**DATASET EXTRACT**
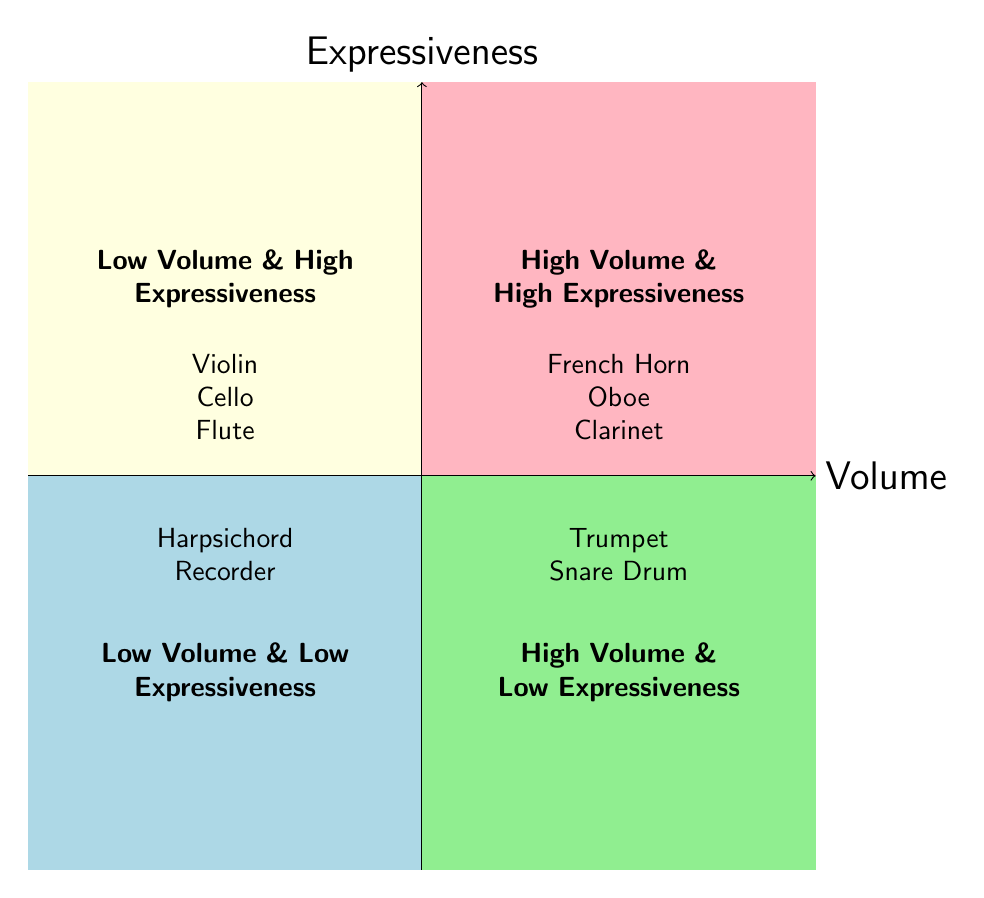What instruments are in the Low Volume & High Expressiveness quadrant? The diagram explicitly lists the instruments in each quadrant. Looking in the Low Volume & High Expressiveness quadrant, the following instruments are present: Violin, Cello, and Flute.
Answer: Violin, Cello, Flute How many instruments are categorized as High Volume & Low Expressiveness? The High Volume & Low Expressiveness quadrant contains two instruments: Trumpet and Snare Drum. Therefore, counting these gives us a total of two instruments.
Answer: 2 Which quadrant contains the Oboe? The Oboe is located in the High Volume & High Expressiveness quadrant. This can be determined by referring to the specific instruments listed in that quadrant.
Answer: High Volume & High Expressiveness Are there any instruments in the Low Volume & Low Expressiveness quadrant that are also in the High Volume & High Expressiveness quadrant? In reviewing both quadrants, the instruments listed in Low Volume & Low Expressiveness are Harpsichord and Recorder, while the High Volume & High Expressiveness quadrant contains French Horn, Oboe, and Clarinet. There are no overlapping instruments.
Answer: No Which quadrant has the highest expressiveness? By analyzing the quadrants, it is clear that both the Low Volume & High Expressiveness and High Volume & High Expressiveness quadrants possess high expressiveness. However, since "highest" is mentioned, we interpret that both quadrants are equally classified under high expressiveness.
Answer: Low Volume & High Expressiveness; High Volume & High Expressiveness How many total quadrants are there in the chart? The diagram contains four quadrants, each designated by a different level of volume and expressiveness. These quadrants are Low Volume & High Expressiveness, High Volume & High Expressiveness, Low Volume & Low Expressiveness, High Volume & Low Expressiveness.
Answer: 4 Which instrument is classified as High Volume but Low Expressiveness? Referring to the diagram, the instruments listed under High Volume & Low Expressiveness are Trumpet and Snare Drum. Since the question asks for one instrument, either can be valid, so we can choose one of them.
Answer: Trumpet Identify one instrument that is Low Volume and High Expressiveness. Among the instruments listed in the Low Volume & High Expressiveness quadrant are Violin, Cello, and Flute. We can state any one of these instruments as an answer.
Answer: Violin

**WHAT YOU ARE ASKED TO DO**
Go through the records line by line and count those that contain the string "Drum". Answer with the count alone.

**WORKED SOLUTION**
2